Since the first month of the year is named after the two-faced god Janus, it would be remiss to look ahead to 2025 without looking back at 2024. Some may query the above confidence in this Quality Growth philosophy given the lacklustre returns of the previous year, especially in a year when many indices, gold and even crypto saw spectacular returns. As we pointed out frequently last year, many of the companies and sectors that we did not hold such as semiconductors, defence companies and banks, fall foul of one or more of our Ten Golden Rules, a framework we use to manage risk. Even if the stock prices double and treble, we cannot and will not own businesses that do not meet our strict tests. This will almost certainly cause us to lag benchmarks when these companies and sectors are in favour, as happened last year.

But it also lagged because of what we did hold. First, many of the long duration businesses in the portfolio were held back with the US10Y yield rising from 3.8 per cent to 4.6 per cent; not as dramatic as 2022 but still a marked rise. Second, several of our stocks encountered difficulties which drove their stock prices down. We manage the risk of our portfolios on the basis of their earnings risk and aim to have as diversified a source of earnings growth as we can. It is highly unusual to see so many disparate and unrelated events drive stocks lower at the same time. Fears around the disruptive effect of AI, weak macro leading to declines in US vet visits and a weak biotech funding environment came at the same time as changes to the Italian meal voucher system, lower growth in TAVR heart procedures and the tragic murder of an executive of one of our companies. All of these affected different companies within our portfolio. Yet with the business models intact, earnings growth in most cases the same or better and similar levels of diversified earnings risk, the expected returns for our companies have improved and prospects for the year ahead are good. 

Confidence amidst uncertainty

So 2025 may be the year that Trump signs a Mar-a-Lago Accord with China, brokers peace deals in Ukraine and the Middle East and starts stockpiling bitcoin so that it reaches $200,000. But it could be the year that another scandal sees crypto plummet, that China invades Taiwan and that the Trump-Musk honeymoon comes to an end. And of course, it could also be the year when none of these things happen. 
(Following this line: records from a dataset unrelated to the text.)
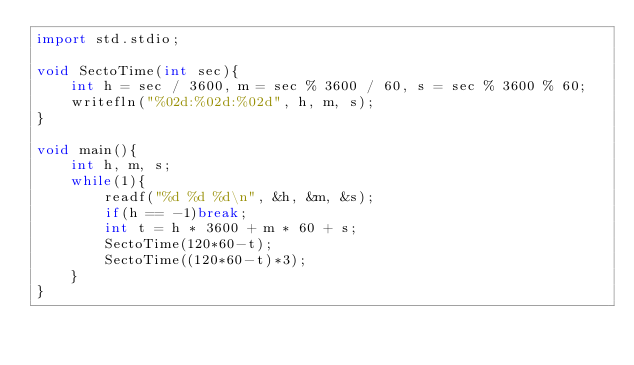Convert code to text. <code><loc_0><loc_0><loc_500><loc_500><_D_>import std.stdio;

void SectoTime(int sec){
	int h = sec / 3600, m = sec % 3600 / 60, s = sec % 3600 % 60;
	writefln("%02d:%02d:%02d", h, m, s);
}

void main(){
	int h, m, s;
	while(1){
		readf("%d %d %d\n", &h, &m, &s);
		if(h == -1)break;
		int t = h * 3600 + m * 60 + s;
		SectoTime(120*60-t);
		SectoTime((120*60-t)*3);
	}
}</code> 
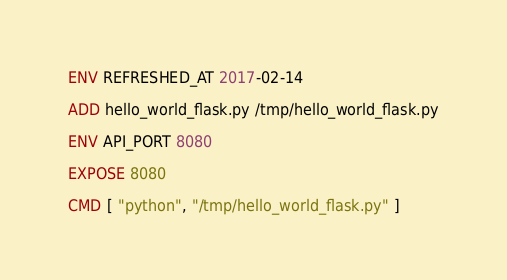Convert code to text. <code><loc_0><loc_0><loc_500><loc_500><_Dockerfile_>
ENV REFRESHED_AT 2017-02-14

ADD hello_world_flask.py /tmp/hello_world_flask.py

ENV API_PORT 8080

EXPOSE 8080

CMD [ "python", "/tmp/hello_world_flask.py" ]
</code> 
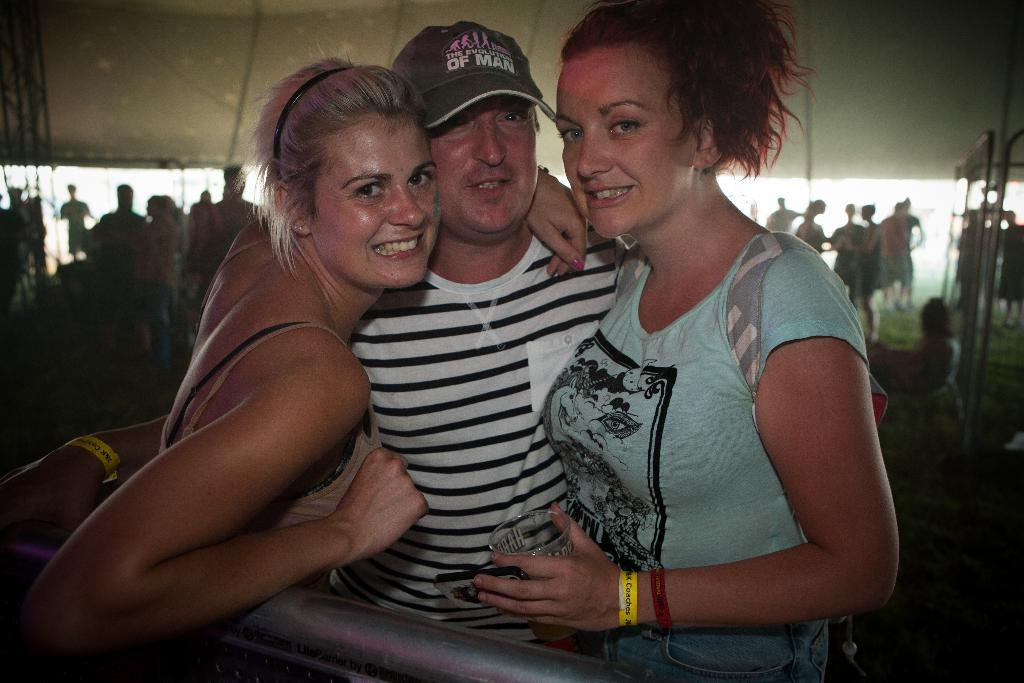How many people are in the image? There are three people in the image: one man and two women. What are the people in the front doing? The man and women are standing and smiling in the front. Can you describe the people in the background? The people in the background appear blurry. What type of spade is the daughter using in the image? There is no daughter or spade present in the image. How many times does the man smash the ball in the image? There is no ball or smashing activity present in the image.

In a world of uncertainty, we gain confidence from the individual prospects of our companies, their ability to generate high and predictable levels of earnings growth. These companies reduce the levels of uncertainty which all investors face. They don’t remove it entirely. As 2024 so readily demonstrated to us and for you as our investors, even the best companies can be shaken by bouts of doubt. But by focussing on company fundamentals, we try to stay one step removed from the madness of crowds. It is this stability and predictability in a world of uncertainty, noise and fog, that gives us the confidence to keep doing what we have done for the past 35 years. 

Q. Macfarlane,

31st December 2024


1Musk is not alone in this belief. NASA’s Psyche mission was initiated in 2015 and is currently en route to the asteroid Psyche to learn more about it.

2All figures from Congressional Budget Office (CBO), https://www.cbo.gov

3With the resignation of Matt Gaetz, the Republicans’ 219-215 majority can only afford one defection, as occurred with the recent election of House Speaker. Their 53-47 majority in the Senate affords them a little more room with two potential defections possible.  

4Whether it was Reagan’s commission to “root out inefficiency” in 1982, Clinton’s ‘National Partnership for Reinventing Government’ in 1993 or even Trump’s previous attempts to cut red tape in 2017, tearing up regulations and cutting spending proved far harder than the initial outlining of grand saving plans.